“Eu vos dou um novo mandamento:
amai-vos uns aos outros. Como eu vos amei, assim também vós deveis amar-vos uns
aos outros” (João 13,34).
Jesus transitou o caminho do amor.
Poucas experiências na vida proporcionam tanta
felicidade como o amar e sentir-se amado.
E é isso que os Evangelhos mais ressaltam na
pessoa de Jesus: sua extraordinária capacidade para amar, para dar e receber
amor. Jesus experimentou o amor em todas as dimensões: o amor que se faz serviço,
o amor de amizade, o amor oblativo, o amor operativo que oferece saúde, perdão,
liberdade, reconhecimento... Em definitiva, o prazer profundo de “passar pela vida fazendo o bem”.
Todas as pessoas cabiam em seu
coração, mas de um modo especial os últimos, os pequenos, os pobres, os
excluídos, os simples a quem o Pai lhes revela os segredos do Reino; tudo isso
fazia Jesus vibrar intensamente. Ele fez do amor o único necessário, a razão de sua vida e entrega e, por isso,
pode pregar com autoridade revelando que ganhamos ou a perdemos a vida em
função de que tenhamos ou não amado.
Frente às inumeráveis leis e normas da religião
judaica as palavras de Jesus soam taxativas: “Eu
vos dou um nome mandamento”. Não há outro. A
admirável simplicidade e a insistência na prática, que caracterizam a mensagem
de Jesus, se revelam também nesta síntese daquilo que deve ser o modo de
proceder dos seus discípulos. O Amor
gratuito é a verdadeira identidade do (a) seguidor(a) de Jesus.
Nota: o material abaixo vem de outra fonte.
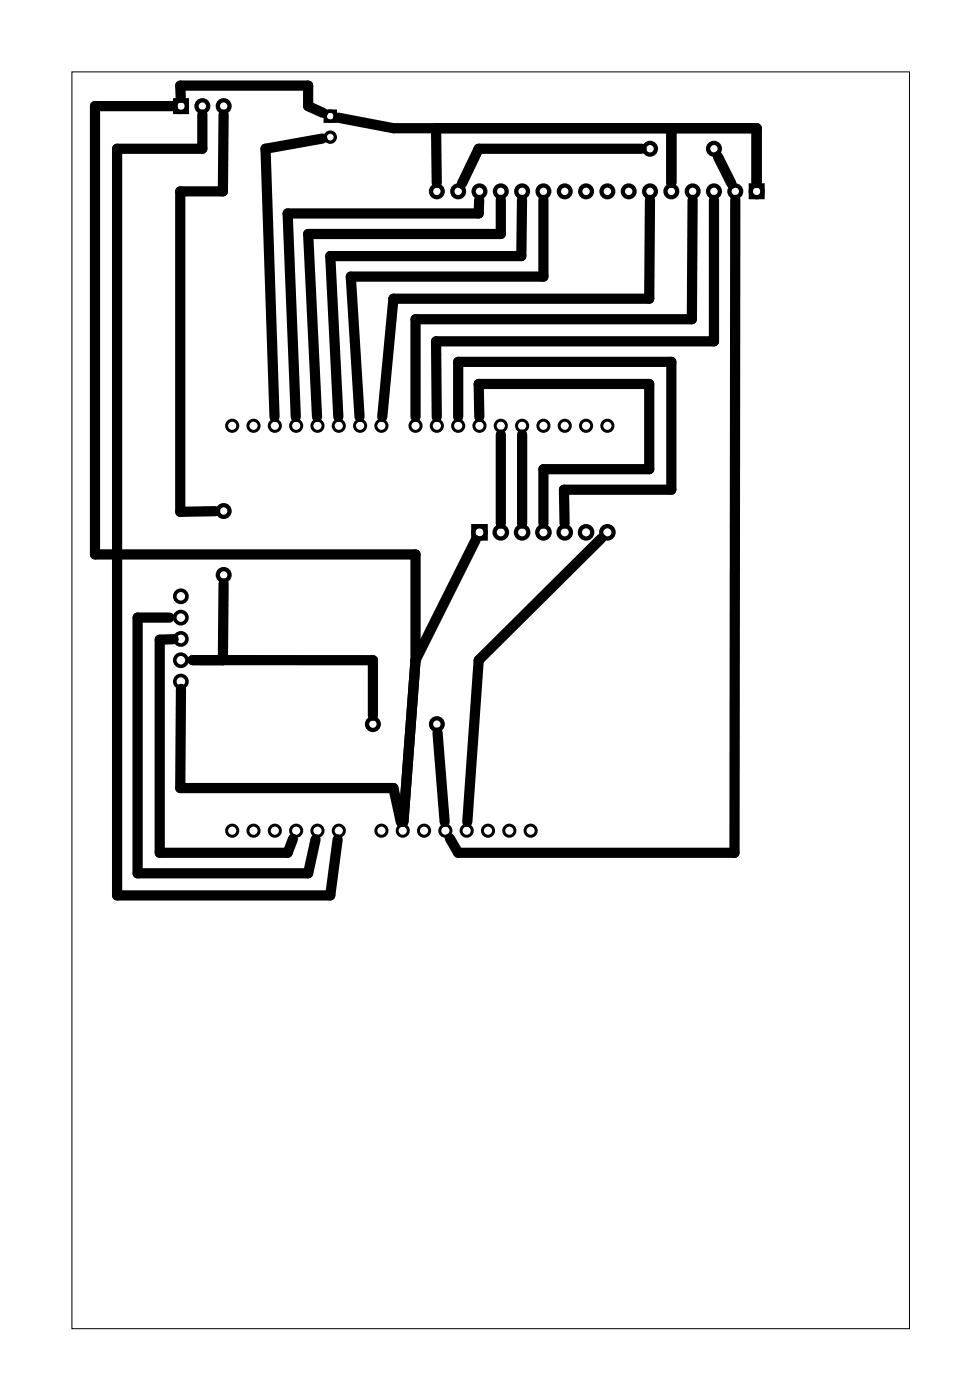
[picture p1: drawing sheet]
<svg xmlns="http://www.w3.org/2000/svg" width="117mm" height="167mm" viewBox="0 0 117 167" stroke-linecap="round" stroke-linejoin="round" font-family="sans-serif">
<path d="M8.6 8.6h99.8v149.8h-99.8z" fill="none" stroke="#000" stroke-width=".12"/>
<g fill="none" stroke="#000" stroke-width=".51">
<path d="M20.9 12h1.4v1.3h-1.4zM89.5 22.1h1.4v1.4h-1.4zM56.4 62.7h1.5v1.5h-1.5z"/>
<circle cx="21.6" cy="12.6" r=".7"/>
<circle cx="24.1" cy="12.6" r=".7"/>
<circle cx="26.7" cy="12.6" r=".7"/>
<circle cx="77.5" cy="17.7" r=".7"/>
<circle cx="85.1" cy="17.7" r=".7"/>
<circle cx="52.1" cy="22.8" r=".7"/>
<circle cx="54.6" cy="22.8" r=".7"/>
<circle cx="57.1" cy="22.8" r=".7"/>
<circle cx="59.7" cy="22.8" r=".7"/>
<circle cx="62.2" cy="22.8" r=".7"/>
<circle cx="64.8" cy="22.8" r=".7"/>
<circle cx="67.3" cy="22.8" r=".7"/>
<circle cx="69.8" cy="22.8" r=".7"/>
<circle cx="72.4" cy="22.8" r=".7"/>
<circle cx="74.9" cy="22.8" r=".7"/>
<circle cx="77.5" cy="22.8" r=".7"/>
<circle cx="80" cy="22.8" r=".7"/>
<circle cx="82.5" cy="22.8" r=".7"/>
<circle cx="85.1" cy="22.8" r=".7"/>
<circle cx="87.6" cy="22.8" r=".7"/>
<circle cx="90.2" cy="22.8" r=".7"/>
<circle cx="26.7" cy="60.9" r=".7"/>
<circle cx="26.7" cy="68.5" r=".7"/>
<circle cx="57.1" cy="63.4" r=".74"/>
<circle cx="59.7" cy="63.4" r=".74"/>
<circle cx="62.2" cy="63.4" r=".74"/>
<circle cx="64.8" cy="63.4" r=".74"/>
<circle cx="67.3" cy="63.4" r=".74"/>
<circle cx="69.8" cy="63.4" r=".74"/>
<circle cx="72.4" cy="63.4" r=".74"/>
<circle cx="44.4" cy="86.3" r=".7"/>
<circle cx="52.1" cy="86.3" r=".7"/>
</g>
<g fill="none" stroke="#000" stroke-width=".4">
<path d="M38.8 13.2h1.2v1.2h-1.2z"/>
<circle cx="39.4" cy="13.8" r=".6"/>
<circle cx="39.4" cy="16.3" r=".6"/>
</g>
<g fill="none" stroke="#000" stroke-width=".35">
<circle cx="27.7" cy="50.7" r=".66"/>
<circle cx="30.2" cy="50.7" r=".66"/>
<circle cx="32.7" cy="50.7" r=".66"/>
<circle cx="35.3" cy="50.7" r=".66"/>
<circle cx="37.8" cy="50.7" r=".66"/>
<circle cx="40.4" cy="50.7" r=".66"/>
<circle cx="42.9" cy="50.7" r=".66"/>
<circle cx="45.4" cy="50.7" r=".66"/>
<circle cx="49.5" cy="50.7" r=".66"/>
<circle cx="52.1" cy="50.7" r=".66"/>
<circle cx="54.6" cy="50.7" r=".66"/>
<circle cx="57.1" cy="50.7" r=".66"/>
<circle cx="59.7" cy="50.7" r=".66"/>
<circle cx="62.2" cy="50.7" r=".66"/>
<circle cx="64.8" cy="50.7" r=".66"/>
<circle cx="67.3" cy="50.7" r=".66"/>
<circle cx="69.8" cy="50.7" r=".66"/>
<circle cx="72.4" cy="50.7" r=".66"/>
<circle cx="27.7" cy="99" r=".66"/>
<circle cx="30.2" cy="99" r=".66"/>
<circle cx="32.7" cy="99" r=".66"/>
<circle cx="35.3" cy="99" r=".66"/>
<circle cx="37.8" cy="99" r=".66"/>
<circle cx="40.4" cy="99" r=".66"/>
<circle cx="45.4" cy="99" r=".66"/>
<circle cx="48" cy="99" r=".66"/>
<circle cx="50.5" cy="99" r=".66"/>
<circle cx="53.1" cy="99" r=".66"/>
<circle cx="55.6" cy="99" r=".66"/>
<circle cx="58.1" cy="99" r=".66"/>
<circle cx="60.7" cy="99" r=".66"/>
<circle cx="63.2" cy="99" r=".66"/>
</g>
<g fill="none" stroke="#000" stroke-width=".43">
<circle cx="21.6" cy="78.7" r=".72"/>
<circle cx="21.6" cy="71.1" r=".72"/>
<circle cx="21.6" cy="76.2" r=".72"/>
<circle cx="21.6" cy="73.6" r=".72"/>
<circle cx="21.6" cy="81.2" r=".72"/>
</g>
<g fill="none" stroke="#000" stroke-width="1.2">
<path d="M20.6 12.6h-9.3v53.5h38.2v12.6M21.5 11.6v-1.4h15.2v2.4l1.8 .8M24.1 13.7v4h-10.1v89h25.4l.8-6.6M26.6 13.7v9.1h-5.1v38.2l4.1-.1M38.4 16.5l-6.8 1.2 1.1 32M40.3 14l6.6 1.3h43.3v6.5M52 15.3v6.5M76.4 17.7h-19.4l-2 4.2M80 15.3v6.5M85.5 18.6l1.7 3.3M57.1 23.8l-.1 1.6h-22.7l.9 24.3M59.7 23.8v4.1h-23l1.1 21.8"/>
<path d="M62.2 23.8l-.1 6.7h-22.7l.9 19.2M64.8 23.8v9.2h-23l1 16.7M77.4 23.8v11.8h-30.5l-1.4 14.1M82.5 23.8l-.1 14.2h-32.9v11.7M85.1 23.8v16.9h-33.1v9M87.6 23.8l-.1 77.8h-32.9l-1-1.7M54.6 49.7v-6.6h25.4v15.3h-12.8l.1 4M57.1 49.7l-.1-3.9h20.4v10.1h-12.6v6.5M59.7 51.8v10.6M62.2 51.8v10.6M20.2 73.6h-3.8v30.5h20.3l.9-4.1M20.7 76.2h-1.7v25.4h15.3l.6-1.6"/>
<path d="M26.6 69.5v9.2h-3.7h21.5v6.6M49.5 78.7l-1.4 19.3M56.7 64.4l-7.2 14.3M71.6 64.2l-14.6 14.5-1.3 19.3M21.6 82.1l-.1 11.8h25.4l.9 4.1M52.1 87.3l.9 10.7"/>
</g>
</svg>

Antes de revelar o novo mandamento, antes mesmo de
pedir aos discípulos que vivessem desse amor, Jesus foi pura vivência e
transparência do Amor descendente de Deus: “como
eu vos tenho amado”.
O texto fala de “mandamento
novo”, provavelmente um diferencial que os próprios discípulos
perceberam como “novidade” no modo de viver do Mestre, na gratuidade e incondicionalidade
de seu amor: “amor ágape”, oblativo, radical, despojado de interesses...
Amar é a única maneira de ser plenamente humano. Jesus
viveu até o limite a capacidade de amar, até amar como Deus ama. E é essa qualidade de amor o sinal
decisivo pela qual os discípulos de Jesus deveriam ser reconhecidos.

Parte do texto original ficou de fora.